The records below should be set down in full, please, without any change.

[Dataset excerpts]
---

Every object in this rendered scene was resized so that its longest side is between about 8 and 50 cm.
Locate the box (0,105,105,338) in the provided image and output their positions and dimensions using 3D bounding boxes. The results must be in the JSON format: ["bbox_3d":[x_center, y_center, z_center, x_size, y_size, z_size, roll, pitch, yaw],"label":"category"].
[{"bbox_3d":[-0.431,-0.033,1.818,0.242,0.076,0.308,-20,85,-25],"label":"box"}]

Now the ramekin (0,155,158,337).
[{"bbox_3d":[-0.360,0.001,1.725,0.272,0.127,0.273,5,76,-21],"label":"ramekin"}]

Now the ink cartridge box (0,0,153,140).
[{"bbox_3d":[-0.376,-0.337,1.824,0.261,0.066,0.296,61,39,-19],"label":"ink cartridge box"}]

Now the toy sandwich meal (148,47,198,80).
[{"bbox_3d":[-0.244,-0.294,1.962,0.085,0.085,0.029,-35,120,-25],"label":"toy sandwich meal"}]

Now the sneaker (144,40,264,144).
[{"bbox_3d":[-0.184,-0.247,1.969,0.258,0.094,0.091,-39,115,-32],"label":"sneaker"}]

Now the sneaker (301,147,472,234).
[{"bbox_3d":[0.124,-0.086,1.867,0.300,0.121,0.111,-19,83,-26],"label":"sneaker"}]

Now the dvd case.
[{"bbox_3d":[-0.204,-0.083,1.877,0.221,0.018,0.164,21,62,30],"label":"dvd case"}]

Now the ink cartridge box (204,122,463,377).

---

Result for this exercise:
Every object in this rendered scene was resized so that its longest side is between about 8 and 50 cm.
Locate the box (0,105,105,338) in the provided image and output their positions and dimensions using 3D bounding boxes. The results must be in the JSON format: ["bbox_3d":[x_center, y_center, z_center, x_size, y_size, z_size, roll, pitch, yaw],"label":"category"].
[{"bbox_3d":[-0.431,-0.033,1.818,0.242,0.076,0.308,-20,85,-25],"label":"box"}]

Now the ramekin (0,155,158,337).
[{"bbox_3d":[-0.360,0.001,1.725,0.272,0.127,0.273,5,76,-21],"label":"ramekin"}]

Now the ink cartridge box (0,0,153,140).
[{"bbox_3d":[-0.376,-0.337,1.824,0.261,0.066,0.296,61,39,-19],"label":"ink cartridge box"}]

Now the toy sandwich meal (148,47,198,80).
[{"bbox_3d":[-0.244,-0.294,1.962,0.085,0.085,0.029,-35,120,-25],"label":"toy sandwich meal"}]

Now the sneaker (144,40,264,144).
[{"bbox_3d":[-0.184,-0.247,1.969,0.258,0.094,0.091,-39,115,-32],"label":"sneaker"}]

Now the sneaker (301,147,472,234).
[{"bbox_3d":[0.124,-0.086,1.867,0.300,0.121,0.111,-19,83,-26],"label":"sneaker"}]

Now the dvd case.
[{"bbox_3d":[-0.204,-0.083,1.877,0.221,0.018,0.164,21,62,30],"label":"dvd case"}]

Now the ink cartridge box (204,122,463,377).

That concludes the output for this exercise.